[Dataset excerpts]
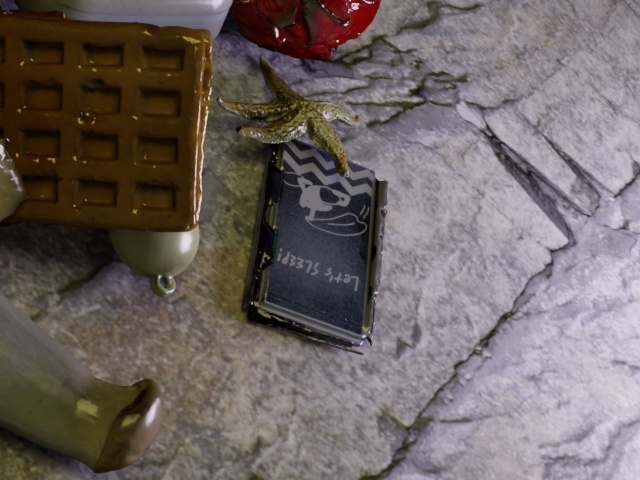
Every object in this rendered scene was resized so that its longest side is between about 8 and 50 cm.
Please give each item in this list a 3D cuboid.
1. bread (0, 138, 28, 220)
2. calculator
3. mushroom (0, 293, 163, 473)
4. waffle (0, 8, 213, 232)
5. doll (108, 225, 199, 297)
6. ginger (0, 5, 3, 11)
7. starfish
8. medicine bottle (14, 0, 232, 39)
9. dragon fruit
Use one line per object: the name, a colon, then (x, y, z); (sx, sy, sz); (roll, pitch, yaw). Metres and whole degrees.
bread: (-0.466, -0.107, 1.120); (0.405, 0.242, 0.346); (46, 59, -10)
calculator: (0.000, 0.000, 1.608); (0.165, 0.028, 0.274); (20, 52, -17)
mushroom: (-0.317, 0.135, 1.305); (0.328, 0.122, 0.159); (28, 86, -9)
waffle: (-0.278, -0.123, 1.373); (0.327, 0.098, 0.224); (4, 94, -1)
doll: (-0.203, -0.075, 1.502); (0.141, 0.117, 0.296); (11, 65, -46)
ginger: (-0.462, -0.281, 1.459); (0.321, 0.172, 0.165); (29, 12, -7)
starfish: (-0.031, -0.161, 1.673); (0.223, 0.050, 0.217); (-1, 40, -44)
medicine bottle: (-0.275, -0.367, 1.600); (0.282, 0.123, 0.375); (-5, 48, -35)
dragon fruit: (-0.005, -0.342, 1.717); (0.293, 0.234, 0.234); (-3, 59, -55)
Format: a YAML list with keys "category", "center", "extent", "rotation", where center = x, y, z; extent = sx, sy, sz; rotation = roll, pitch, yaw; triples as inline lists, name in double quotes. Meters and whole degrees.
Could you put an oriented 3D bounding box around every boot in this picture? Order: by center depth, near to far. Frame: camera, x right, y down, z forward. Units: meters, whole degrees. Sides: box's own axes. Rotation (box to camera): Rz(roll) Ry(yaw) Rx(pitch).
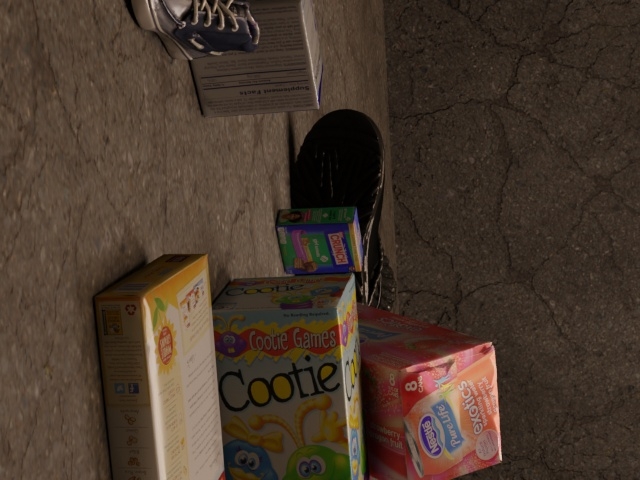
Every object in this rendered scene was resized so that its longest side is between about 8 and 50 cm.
- category: "boot"
  center: [-0.113, -0.216, 1.233]
  extent: [0.190, 0.086, 0.069]
  rotation: [38, 50, -79]
- category: "boot"
  center: [0.045, -0.024, 2.041]
  extent: [0.260, 0.131, 0.348]
  rotation: [-15, 113, -74]

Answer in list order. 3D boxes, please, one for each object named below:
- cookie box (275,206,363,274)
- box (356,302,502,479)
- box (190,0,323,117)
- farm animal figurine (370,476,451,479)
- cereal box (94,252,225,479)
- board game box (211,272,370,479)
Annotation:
- category: "cookie box"
  center: [0.000, 0.000, 1.836]
  extent: [0.040, 0.107, 0.092]
  rotation: [-83, 167, -48]
- category: "box"
  center: [0.071, 0.180, 1.635]
  extent: [0.300, 0.142, 0.154]
  rotation: [14, -68, 57]
- category: "box"
  center: [-0.068, -0.204, 1.391]
  extent: [0.072, 0.126, 0.137]
  rotation: [-86, 170, -47]
- category: "farm animal figurine"
  center: [0.098, 0.432, 2.105]
  extent: [0.327, 0.172, 0.330]
  rotation: [43, -21, 34]
- category: "cereal box"
  center: [-0.129, 0.143, 1.130]
  extent: [0.173, 0.047, 0.240]
  rotation: [-40, 128, -74]
- category: "board game box"
  center: [-0.029, 0.188, 1.470]
  extent: [0.142, 0.144, 0.275]
  rotation: [-57, 142, -75]
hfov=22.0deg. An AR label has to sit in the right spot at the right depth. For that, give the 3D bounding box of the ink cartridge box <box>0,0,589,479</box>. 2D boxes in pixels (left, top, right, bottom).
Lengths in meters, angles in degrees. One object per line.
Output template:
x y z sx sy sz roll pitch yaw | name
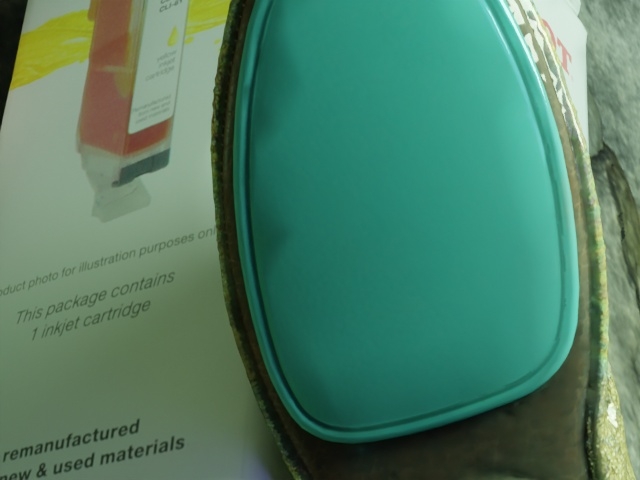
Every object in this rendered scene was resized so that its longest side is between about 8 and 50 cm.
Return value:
0.000 0.000 0.742 0.279 0.160 0.384 41 43 -44 | ink cartridge box

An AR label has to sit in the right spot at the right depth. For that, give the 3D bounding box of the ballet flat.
0.046 0.060 0.535 0.123 0.123 0.348 -17 92 -52 | ballet flat
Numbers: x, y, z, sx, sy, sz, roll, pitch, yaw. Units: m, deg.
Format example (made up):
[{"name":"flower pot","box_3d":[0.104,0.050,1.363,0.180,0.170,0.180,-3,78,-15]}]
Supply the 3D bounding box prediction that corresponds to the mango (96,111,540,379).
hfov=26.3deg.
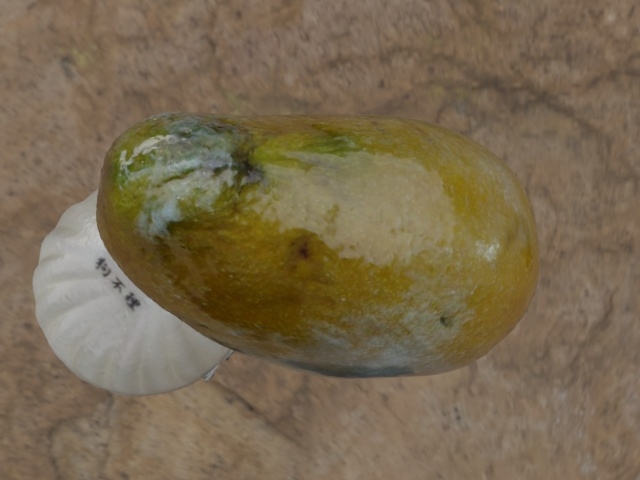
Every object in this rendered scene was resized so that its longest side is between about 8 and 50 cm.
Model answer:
[{"name":"mango","box_3d":[0.000,0.000,0.759,0.192,0.316,0.146,-18,70,36]}]

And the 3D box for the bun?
[{"name":"bun","box_3d":[-0.208,0.046,1.576,0.263,0.175,0.263,1,77,-3]}]

EXERCISE DETAILS
When you print the records above, keep them exact and leave out the pictures.

ANSWER SPACE
Every object in this rendered scene was resized so that its longest side is between about 8 and 50 cm.
Please give each item in this list a 3D cuboid.
1. bread (0, 138, 28, 220)
2. calculator
3. mushroom (0, 293, 163, 473)
4. waffle (0, 8, 213, 232)
5. doll (108, 225, 199, 297)
6. ginger (0, 5, 3, 11)
7. starfish
8. medicine bottle (14, 0, 232, 39)
9. dragon fruit
Use one line per object: the name, a colon, then (x, y, z); (sx, sy, sz); (roll, pitch, yaw). Metres and whole degrees.
bread: (-0.466, -0.107, 1.120); (0.405, 0.242, 0.346); (46, 59, -10)
calculator: (0.000, 0.000, 1.608); (0.165, 0.028, 0.274); (20, 52, -17)
mushroom: (-0.317, 0.135, 1.305); (0.328, 0.122, 0.159); (28, 86, -9)
waffle: (-0.278, -0.123, 1.373); (0.327, 0.098, 0.224); (4, 94, -1)
doll: (-0.203, -0.075, 1.502); (0.141, 0.117, 0.296); (11, 65, -46)
ginger: (-0.462, -0.281, 1.459); (0.321, 0.172, 0.165); (29, 12, -7)
starfish: (-0.031, -0.161, 1.673); (0.223, 0.050, 0.217); (-1, 40, -44)
medicine bottle: (-0.275, -0.367, 1.600); (0.282, 0.123, 0.375); (-5, 48, -35)
dragon fruit: (-0.005, -0.342, 1.717); (0.293, 0.234, 0.234); (-3, 59, -55)
Format: a YAML list with keys "category", "center", "extent", "rotation", where center = x, y, z; extent = sx, sy, sz; rotation = roll, pitch, yaw; triples as inline lists, name in double quotes. Meters and whole degrees.
Could you put an oriented 3D bounding box around every boot in this picture? Order: by center depth, near to far. Frame: camera, x right, y down, z forward. Units: meters, whole degrees. Sides: box's own axes. Rotation (box to camera): Rz(roll) Ry(yaw) Rx(pitch).
Every object in this rendered scene was resized so that its longest side is between about 8 and 50 cm.
- category: "boot"
  center: [-0.113, -0.216, 1.233]
  extent: [0.190, 0.086, 0.069]
  rotation: [38, 50, -79]
- category: "boot"
  center: [0.045, -0.024, 2.041]
  extent: [0.260, 0.131, 0.348]
  rotation: [-15, 113, -74]

Answer in list order. 3D boxes, please, one for each object named below:
- cookie box (275,206,363,274)
- box (356,302,502,479)
- box (190,0,323,117)
- farm animal figurine (370,476,451,479)
- cereal box (94,252,225,479)
- board game box (211,272,370,479)
Annotation:
- category: "cookie box"
  center: [0.000, 0.000, 1.836]
  extent: [0.040, 0.107, 0.092]
  rotation: [-83, 167, -48]
- category: "box"
  center: [0.071, 0.180, 1.635]
  extent: [0.300, 0.142, 0.154]
  rotation: [14, -68, 57]
- category: "box"
  center: [-0.068, -0.204, 1.391]
  extent: [0.072, 0.126, 0.137]
  rotation: [-86, 170, -47]
- category: "farm animal figurine"
  center: [0.098, 0.432, 2.105]
  extent: [0.327, 0.172, 0.330]
  rotation: [43, -21, 34]
- category: "cereal box"
  center: [-0.129, 0.143, 1.130]
  extent: [0.173, 0.047, 0.240]
  rotation: [-40, 128, -74]
- category: "board game box"
  center: [-0.029, 0.188, 1.470]
  extent: [0.142, 0.144, 0.275]
  rotation: [-57, 142, -75]
hfov=22.0deg. An AR label has to sit in the right spot at the right depth. For that, give the 3D bounding box of the ink cartridge box <box>0,0,589,479</box>. 2D boxes in pixels (left, top, right, bottom).
Lengths in meters, angles in degrees. One object per line.
Output template:
x y z sx sy sz roll pitch yaw | name
Every object in this rendered scene was resized so that its longest side is between about 8 and 50 cm.
Return value:
0.000 0.000 0.742 0.279 0.160 0.384 41 43 -44 | ink cartridge box

An AR label has to sit in the right spot at the right depth. For that, give the 3D bounding box of the ballet flat.
0.046 0.060 0.535 0.123 0.123 0.348 -17 92 -52 | ballet flat
Numbers: x, y, z, sx, sy, sz, roll, pitch, yaw. Units: m, deg.
Format example (made up):
[{"name":"flower pot","box_3d":[0.104,0.050,1.363,0.180,0.170,0.180,-3,78,-15]}]
Supply the 3D bounding box prediction that corresponds to the mango (96,111,540,379).
hfov=26.3deg.
Every object in this rendered scene was resized so that its longest side is between about 8 and 50 cm.
Model answer:
[{"name":"mango","box_3d":[0.000,0.000,0.759,0.192,0.316,0.146,-18,70,36]}]

And the 3D box for the bun?
[{"name":"bun","box_3d":[-0.208,0.046,1.576,0.263,0.175,0.263,1,77,-3]}]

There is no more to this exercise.